An upper bound for the extended Kloosterman sums over Galois rings (Q1273725)

For a fixed prime \(p\) and integers \(e\geq 2\), \(m\geq 1\), write \(R_{e,m}\) for the Galois ring of characteristic \(p^e\) and containing \(p^{em}\) elements. Let \(\psi_{e,m}:R_{e,m}\to{\mathcal C}\) be an additive character of \(R_{e,m}\) and let \(f(x)\) be a nondegenerate polynomial over \(R_{e,m}\) with weighted degree \(D_{e,f}\). In 1995, Kumar and others obtained an expression for sums of the form \(\Sigma\psi_{a,m} (f(x))\), where the summation runs over the set of so-called Teichmüller representatives \({\mathcal T}_{e,m}\), leading to a certain bound for the absolute value of the sum.
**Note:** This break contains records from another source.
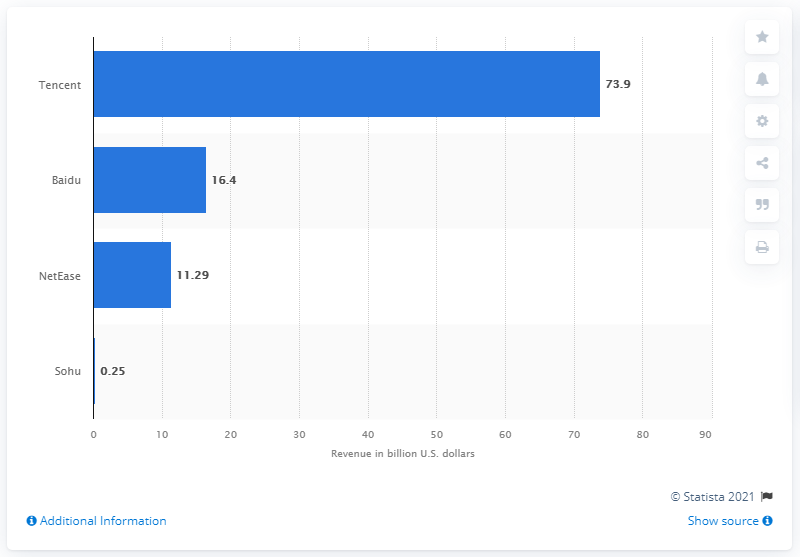Mention a couple of crucial points in this snapshot. Baidu, a leading Chinese language internet search provider, came in second with a revenue of 16.4 billion U.S. dollars. The leading Chinese internet portal is named Tencent. 
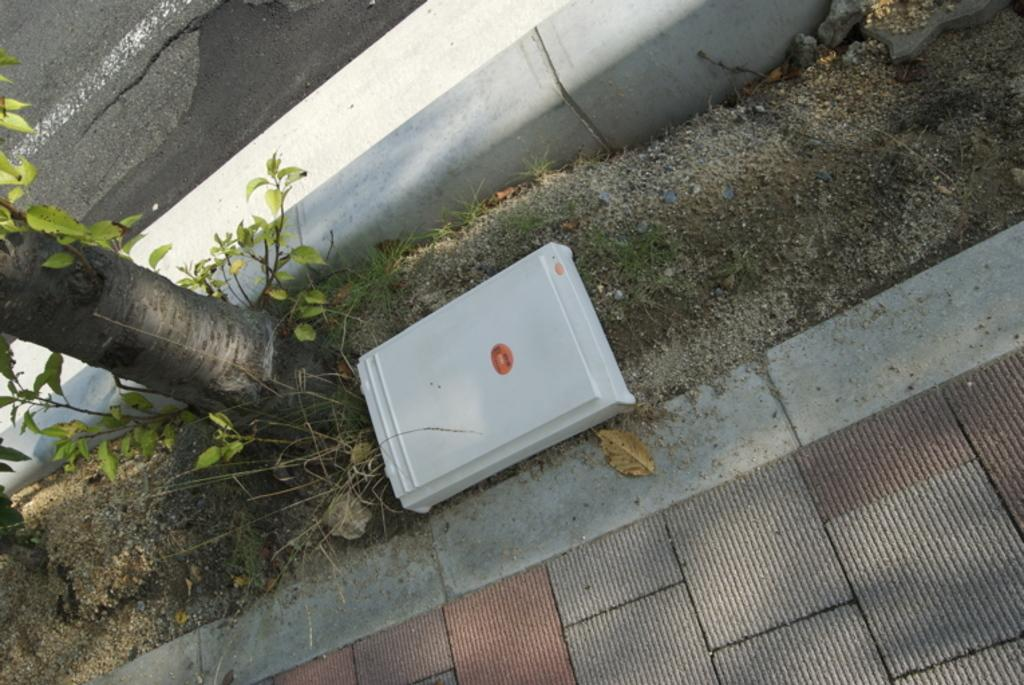What is the main object in the center of the image? There is a box in the center of the image. Where is the box located? The box is on the ground. What type of pathway can be seen in the image? There is a side way in the image. What kind of plant is present in the image? There is a tree with leaves in the image. What type of transportation route is visible at the top of the image? There is a road visible at the top of the image. What type of structure is present in the image? There is a wall in the image. How much tax is being paid on the hydrant in the image? There is no hydrant present in the image, so tax payment cannot be determined. What type of ball is being used to play with the tree in the image? There is no ball present in the image, and the tree is not being used for play. 
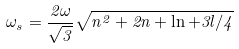Convert formula to latex. <formula><loc_0><loc_0><loc_500><loc_500>\omega _ { s } = \frac { 2 \omega } { \sqrt { 3 } } \sqrt { n ^ { 2 } + 2 n + \ln + 3 l / 4 }</formula> 
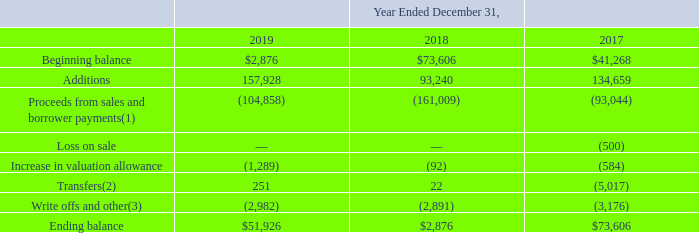GreenSky, Inc.
NOTES TO CONSOLIDATED FINANCIAL STATEMENTS — (Continued)
(United States Dollars in thousands, except per share data, unless otherwise stated)
Note 4. Loan Receivables Held for Sale
The following table summarizes the activity in the balance of loan receivables held for sale, net at lower of cost or fair value during the periods indicated.
(1) Includes accrued interest and fees, recoveries of previously charged-off loan receivables held for sale, as well as proceeds from transferring our rights to Charged-Off Receivables attributable to loan receivables held for sale. We retain servicing arrangements on sold loan receivables with the same terms and conditions as loans that are originated by our Bank Partners. Income from loan receivables held for sale activities is recorded within interest income and other gains (losses), net in the Consolidated Statements of Operations. We sold loan receivables held for sale to certain Bank Partners on the following dates during the years ended December 31:
(2) We temporarily hold certain loan receivables, which are originated by a Bank Partner, while non-originating Bank Partner eligibility is being determined. Once we determine that a loan receivable meets the investment requirements of an eligible Bank Partner, we transfer the loan receivable to the Bank Partner at cost plus any accrued interest. The reported amount also includes loan receivables that have been placed on non-accrual and non-payment status while we investigate consumer inquiries.
(3) We received recovery payments of $50, $57 and $238 during the years ended December 31, 2019, 2018 and 2017, respectively. Recoveries of principal and finance charges and fees on previously written off loan receivables held for sale are recognized on a collected basis as other gains and interest income, respectively, in the Consolidated Statements of Operations. Separately, during the years ended December 31, 2019, 2018, and 2017, write offs and other were reduced by $312, $431, and $406, respectively, related to cash proceeds received from transferring our rights to Charged-Off Receivables attributable to loan receivables held for sale. The cash proceeds received were recorded within other gains (losses), net in the Consolidated Statements of Operations.
Which years does the table show? 2019, 2018, 2017. What were the additions in 2018?
Answer scale should be: thousand. 93,240. What was the loss on sale in 2017?
Answer scale should be: thousand. (500). How many years did additions exceed $100,000 thousand? 2019##2017
Answer: 2. What was the change in the ending balance between 2017 and 2019?
Answer scale should be: thousand. 51,926-73,606
Answer: -21680. What was the percentage change in the Write offs and other between 2018 and 2019?
Answer scale should be: percent. (-2,982-(-2,891))/-2,891
Answer: 0.03. 
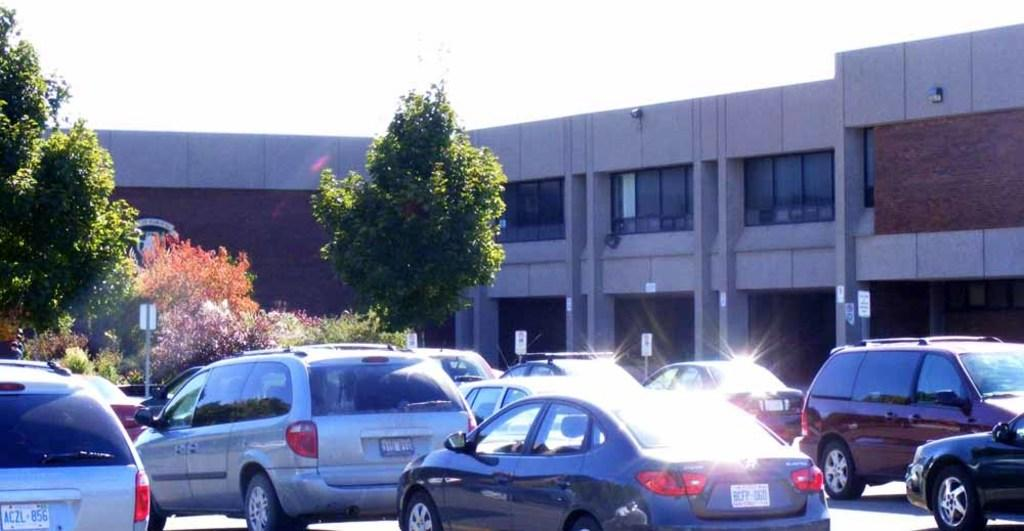What is happening on the road in the image? There are cars moving on the road. What can be seen on the left side of the road? There are trees on the left side of the road. What is located on the right side of the road? There is a building on the right side of the road. What is the weight of the police officer standing near the building? There is no police officer present in the image, so it is not possible to determine their weight. 
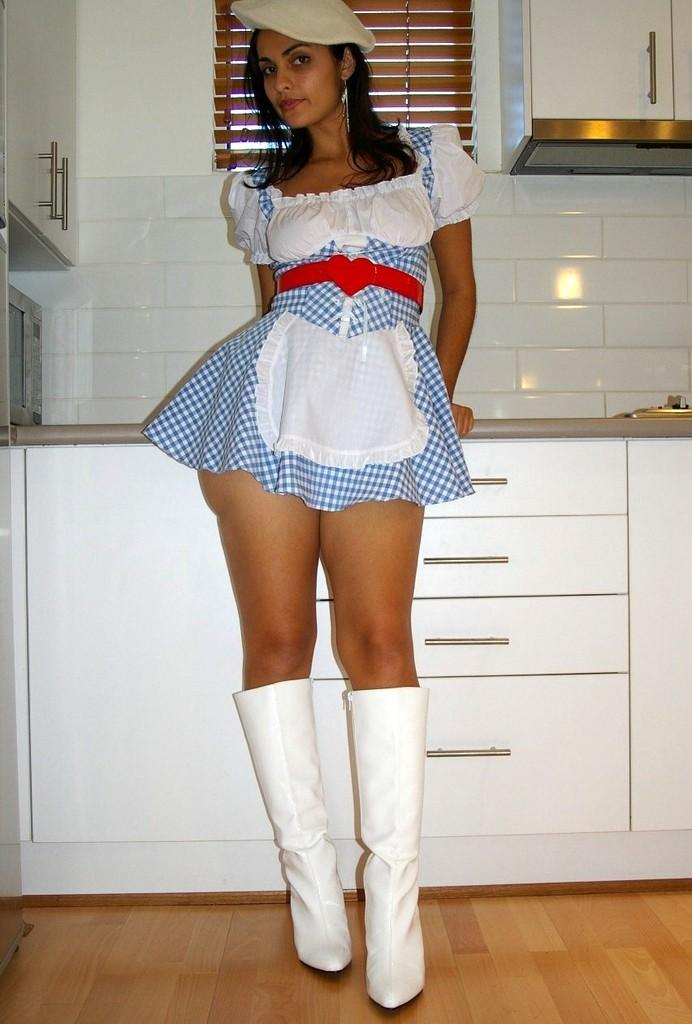What type of flooring is visible in the image? There are white color tiles in the image. What type of furniture can be seen in the image? There are cupboards in the image. Is there a person present in the image? Yes, there is a woman standing in the image. What type of cloth is the woman wearing in the image? The provided facts do not mention any clothing or fabric worn by the woman in the image. --- Facts: 1. There is a car in the image. 2. The car is red. 3. The car has four wheels. 4. There is a road in the image. 5. The road is paved. Absurd Topics: bird, ocean, mountain Conversation: What type of vehicle is in the image? There is a car in the image. What color is the car? The car is red. How many wheels does the car have? The car has four wheels. What type of surface is visible in the image? There is a road in the image, and it is paved. Reasoning: Let's think step by step in order to produce the conversation. We start by identifying the main subject in the image, which is the car. Then, we expand the conversation to include other details about the car, such as its color and the number of wheels. Finally, we describe the setting in which the car is located, mentioning the paved road. Each question is designed to elicit a specific detail about the image that is known from the provided facts. Absurd Question/Answer: Can you see any birds flying over the ocean in the image? The provided facts do not mention any birds or oceans in the image; it features a red car with four wheels on a paved road. 
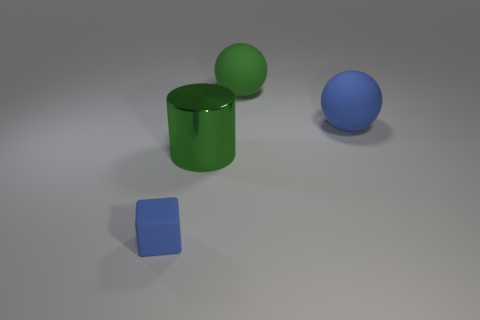The big object that is the same color as the small object is what shape?
Keep it short and to the point. Sphere. The blue sphere is what size?
Offer a very short reply. Large. Is the number of blue things that are to the left of the tiny rubber block greater than the number of objects?
Your answer should be very brief. No. What number of shiny cylinders are behind the tiny blue object?
Your answer should be compact. 1. Is there another green cylinder that has the same size as the green cylinder?
Make the answer very short. No. The other object that is the same shape as the large green matte thing is what color?
Give a very brief answer. Blue. There is a matte ball behind the blue sphere; does it have the same size as the blue rubber thing that is to the right of the blue rubber cube?
Your answer should be compact. Yes. Are there any big blue metallic objects that have the same shape as the green shiny object?
Ensure brevity in your answer.  No. Are there an equal number of small cubes that are in front of the rubber cube and shiny cylinders?
Your answer should be compact. No. There is a blue cube; does it have the same size as the green object that is behind the large green cylinder?
Your answer should be very brief. No. 
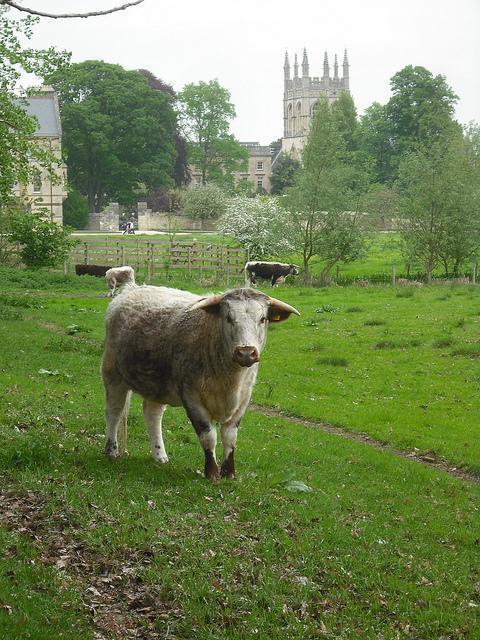What type of animal is present on the grass?
Answer the question by selecting the correct answer among the 4 following choices and explain your choice with a short sentence. The answer should be formatted with the following format: `Answer: choice
Rationale: rationale.`
Options: Dogs, cats, sheep, cows. Answer: cows.
Rationale: A cow is standing in a grassy area with another in the distance. 
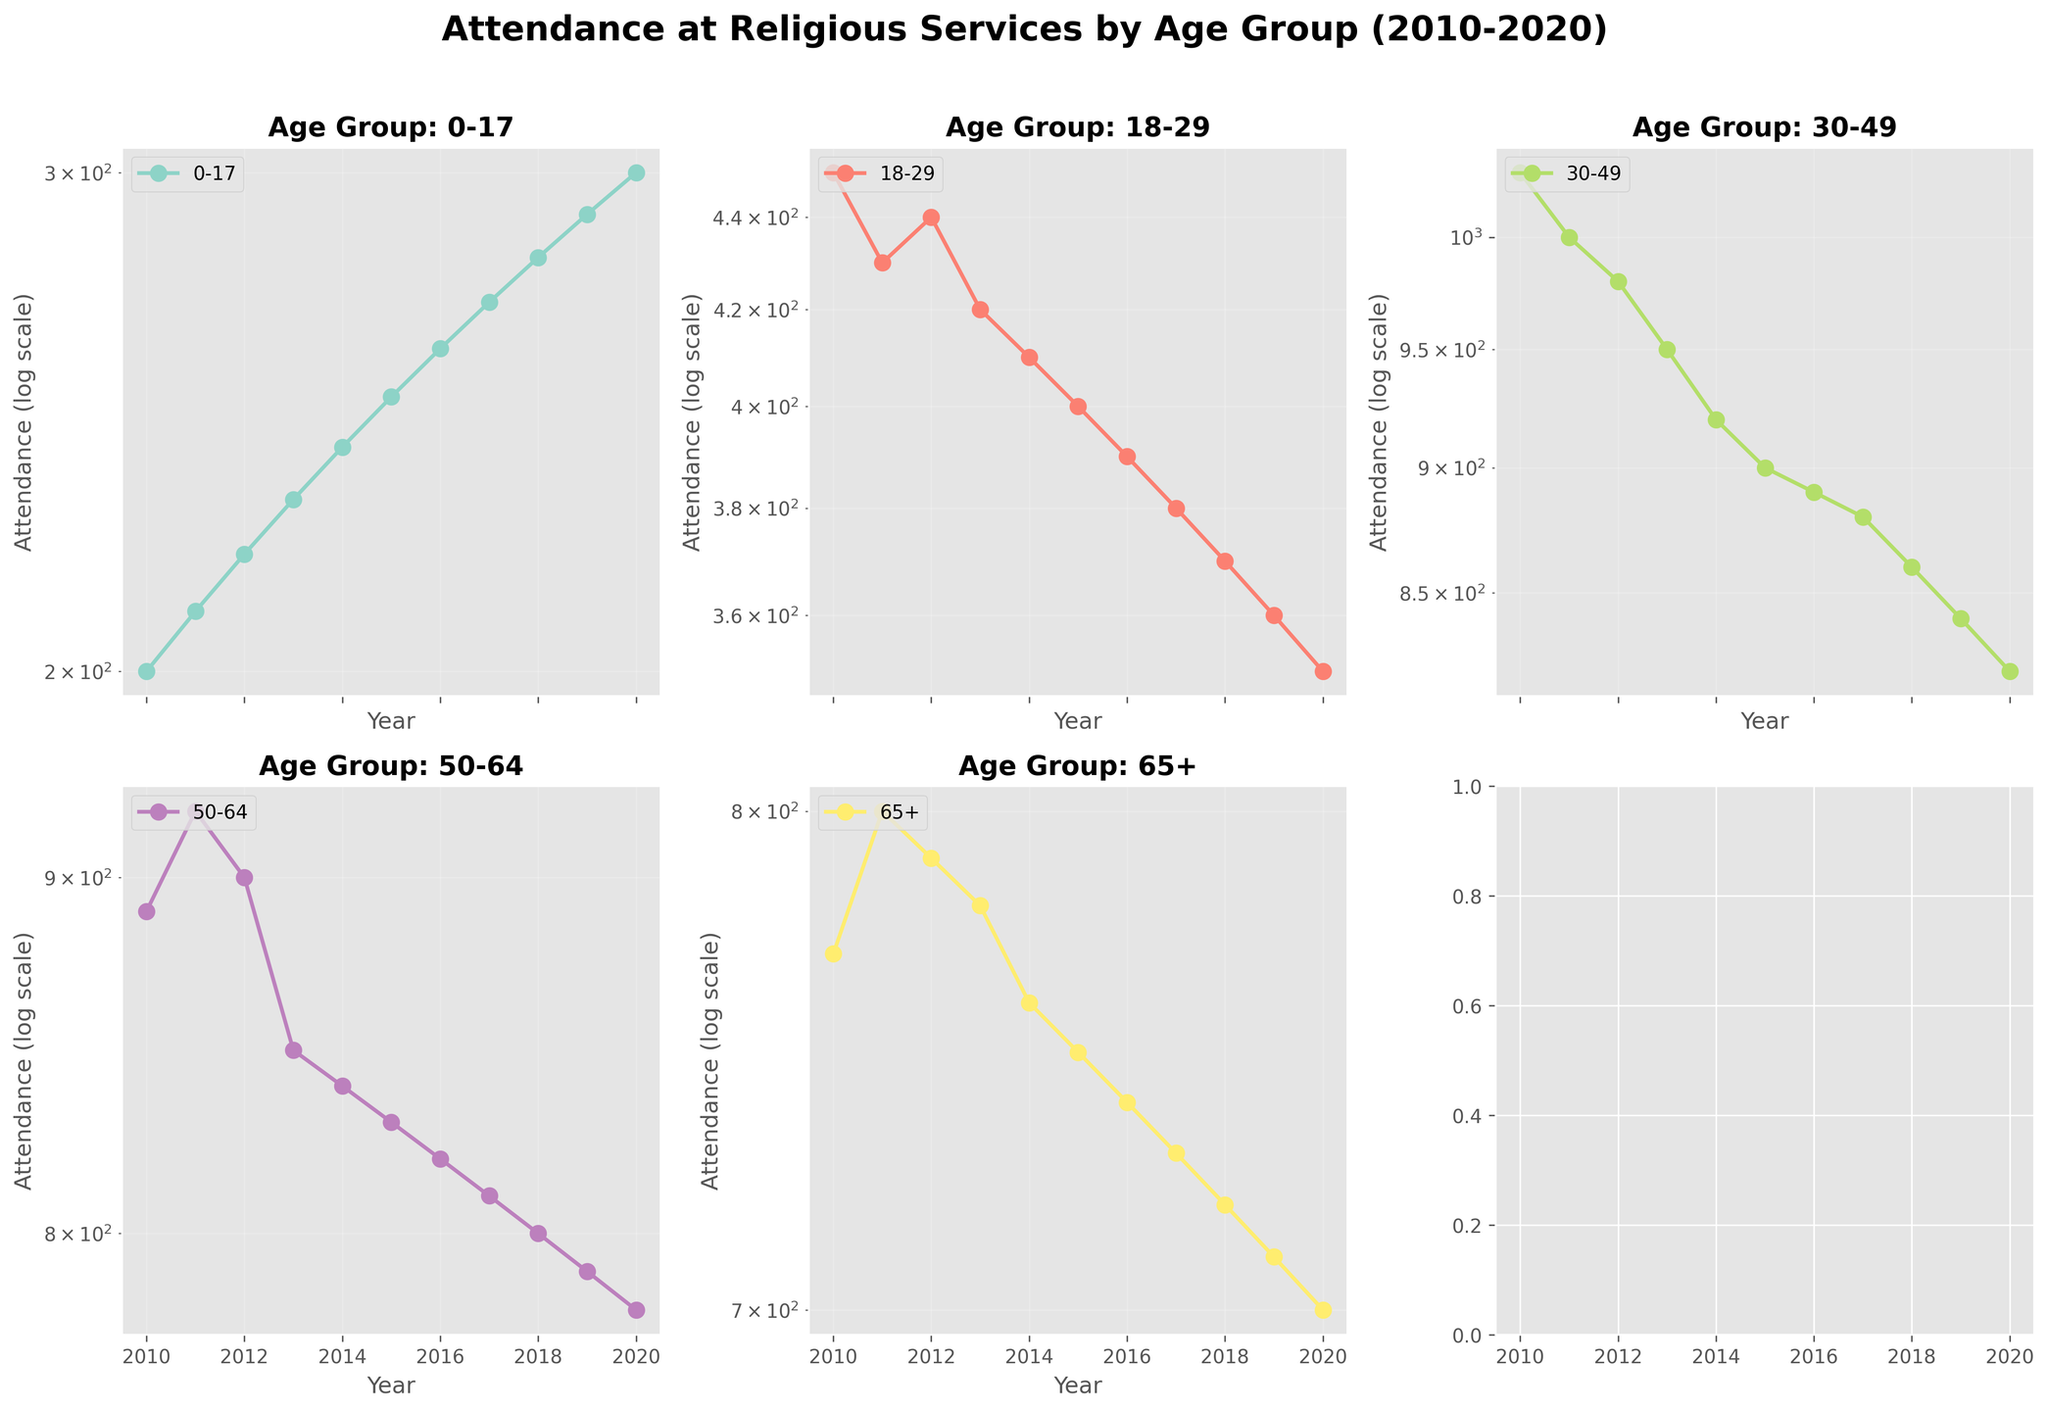Which age group has the highest attendance in 2010? Looking at the plot for the year 2010, the age group 30-49 has the highest attendance with a log-scaled value significantly higher than other groups.
Answer: 30-49 How does attendance for the age group 18-29 change from 2010 to 2020? The 18-29 age group's attendance decreases over the decade. It starts around 450 in 2010 and drops to around 350 by 2020 in the log-scaled plot.
Answer: Decreases Which age group had a steady trend in attendance over the decade? The 0-17 age group shows a consistent increase in attendance each year.
Answer: 0-17 What is the comparison of attendance between the 50-64 and 65+ age groups in 2015? In 2015, the attendance for the 50-64 age group is slightly higher than the 65+ age group as observed by their respective log-scaled points on the plot.
Answer: 50-64 is higher What age group shows the largest decrease in attendance from 2010 to 2020? Comparing the beginning and ending values on the log-scale plot, the 18-29 age group shows the largest decrease in attendance.
Answer: 18-29 Which year had the lowest attendance for the age group 0-17? By observing the data points for the 0-17 group, the year 2010 had the lowest attendance, starting from around 200.
Answer: 2010 Did the attendance for the 30-49 age group decrease or increase after 2010? The attendance for the 30-49 age group slightly decreases after 2010, as indicated by the downwards trend on the log-scale plot.
Answer: Decrease How does the attendance trend of the 65+ age group in 2012 compare with other years? In 2012, the attendance of the 65+ age group shows a slight increase from the previous year but is relatively stable compared to other significant changes in other age groups.
Answer: Slight increase What trend can be observed in the attendance of the 50-64 group over the decade? The 50-64 group's log-scale attendance remains relatively stable from 2010 to 2020 with minor fluctuations.
Answer: Stable Is there any year where the attendance for the 18-29 age group showed an increase compared to the previous year? No increase is observed in any year over the decade; the trend consistently shows a decrease or stability year-over-year.
Answer: No

In the present paper, the authors obtain an upper bound for the so-called extended Kloosterman sums over Galois rings, i.e. exponential sums of the form \(\Sigma \psi_{e, m}(f_1(n)+ f_2(n^{-1}))\), \(f_1,f_2\in R_{e,m} [x]\), the summation running over \({\mathcal T}^*_{e,m}\), the non-zero elements of \({\mathcal T}_{e,m}\) referred to above. Some applications to sequence designs are also given.